=== Section Start ===
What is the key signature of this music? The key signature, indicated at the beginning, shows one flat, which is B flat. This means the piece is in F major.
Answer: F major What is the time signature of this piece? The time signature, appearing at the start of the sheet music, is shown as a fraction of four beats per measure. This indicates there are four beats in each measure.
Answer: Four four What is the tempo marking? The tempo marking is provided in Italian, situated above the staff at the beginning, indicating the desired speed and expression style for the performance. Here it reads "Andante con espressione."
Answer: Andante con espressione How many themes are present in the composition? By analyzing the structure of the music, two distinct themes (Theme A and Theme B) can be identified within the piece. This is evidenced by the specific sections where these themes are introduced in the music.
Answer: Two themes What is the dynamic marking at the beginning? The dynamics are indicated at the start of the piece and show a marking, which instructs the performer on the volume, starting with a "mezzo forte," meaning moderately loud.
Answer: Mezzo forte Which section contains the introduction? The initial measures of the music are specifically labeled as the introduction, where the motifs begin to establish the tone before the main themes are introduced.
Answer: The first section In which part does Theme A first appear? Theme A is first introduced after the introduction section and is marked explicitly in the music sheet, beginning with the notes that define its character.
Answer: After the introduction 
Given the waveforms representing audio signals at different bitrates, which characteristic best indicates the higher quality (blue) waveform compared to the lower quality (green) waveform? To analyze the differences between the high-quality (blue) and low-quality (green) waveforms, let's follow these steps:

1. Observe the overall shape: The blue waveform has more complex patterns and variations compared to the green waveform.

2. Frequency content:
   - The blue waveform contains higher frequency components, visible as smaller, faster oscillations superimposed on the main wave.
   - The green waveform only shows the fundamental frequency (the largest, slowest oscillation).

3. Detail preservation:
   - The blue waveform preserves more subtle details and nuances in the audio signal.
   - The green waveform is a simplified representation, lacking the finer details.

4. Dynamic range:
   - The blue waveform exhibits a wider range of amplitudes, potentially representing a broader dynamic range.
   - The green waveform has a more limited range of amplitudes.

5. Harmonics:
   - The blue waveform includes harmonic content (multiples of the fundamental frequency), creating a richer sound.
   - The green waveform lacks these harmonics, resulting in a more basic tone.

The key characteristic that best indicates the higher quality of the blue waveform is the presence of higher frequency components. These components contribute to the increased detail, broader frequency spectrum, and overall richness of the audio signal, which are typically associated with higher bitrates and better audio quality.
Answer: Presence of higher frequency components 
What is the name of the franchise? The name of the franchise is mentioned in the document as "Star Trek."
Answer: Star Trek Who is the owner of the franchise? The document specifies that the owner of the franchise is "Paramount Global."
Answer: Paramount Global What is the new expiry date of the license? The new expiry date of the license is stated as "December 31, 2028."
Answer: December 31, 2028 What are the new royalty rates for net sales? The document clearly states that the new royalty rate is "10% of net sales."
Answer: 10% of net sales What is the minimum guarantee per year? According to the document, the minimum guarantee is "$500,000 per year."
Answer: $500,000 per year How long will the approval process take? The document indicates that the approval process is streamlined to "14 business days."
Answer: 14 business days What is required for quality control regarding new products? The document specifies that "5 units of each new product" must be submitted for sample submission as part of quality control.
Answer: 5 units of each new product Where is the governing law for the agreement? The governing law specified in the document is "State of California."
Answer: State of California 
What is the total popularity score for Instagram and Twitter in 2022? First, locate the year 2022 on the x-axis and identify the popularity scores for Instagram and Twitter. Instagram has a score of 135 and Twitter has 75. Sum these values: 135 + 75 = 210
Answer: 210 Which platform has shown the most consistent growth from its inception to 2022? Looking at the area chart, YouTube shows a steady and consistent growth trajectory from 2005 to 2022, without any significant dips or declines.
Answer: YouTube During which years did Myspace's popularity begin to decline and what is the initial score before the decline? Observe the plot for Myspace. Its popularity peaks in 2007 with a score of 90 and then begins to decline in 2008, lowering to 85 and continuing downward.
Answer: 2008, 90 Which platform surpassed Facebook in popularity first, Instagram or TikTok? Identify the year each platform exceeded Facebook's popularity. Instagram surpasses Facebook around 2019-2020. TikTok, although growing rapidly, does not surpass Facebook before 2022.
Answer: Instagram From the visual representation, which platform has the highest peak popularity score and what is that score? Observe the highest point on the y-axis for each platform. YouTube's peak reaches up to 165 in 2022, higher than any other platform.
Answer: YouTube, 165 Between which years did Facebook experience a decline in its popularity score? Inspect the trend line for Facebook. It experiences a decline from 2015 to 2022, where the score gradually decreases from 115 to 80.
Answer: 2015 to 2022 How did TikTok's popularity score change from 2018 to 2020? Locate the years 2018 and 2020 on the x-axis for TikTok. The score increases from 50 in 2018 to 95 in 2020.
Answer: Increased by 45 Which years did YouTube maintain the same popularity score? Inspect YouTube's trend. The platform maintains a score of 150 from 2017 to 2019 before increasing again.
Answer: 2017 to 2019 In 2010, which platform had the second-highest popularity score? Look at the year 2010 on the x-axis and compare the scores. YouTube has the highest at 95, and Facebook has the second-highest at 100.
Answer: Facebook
=== Section End ===
→ Work request:
When a line in the material includes the word "fundamental", copy it out.

→ Task output:
   - The green waveform only shows the fundamental frequency (the largest, slowest oscillation).
   - The blue waveform includes harmonic content (multiples of the fundamental frequency), creating a richer sound.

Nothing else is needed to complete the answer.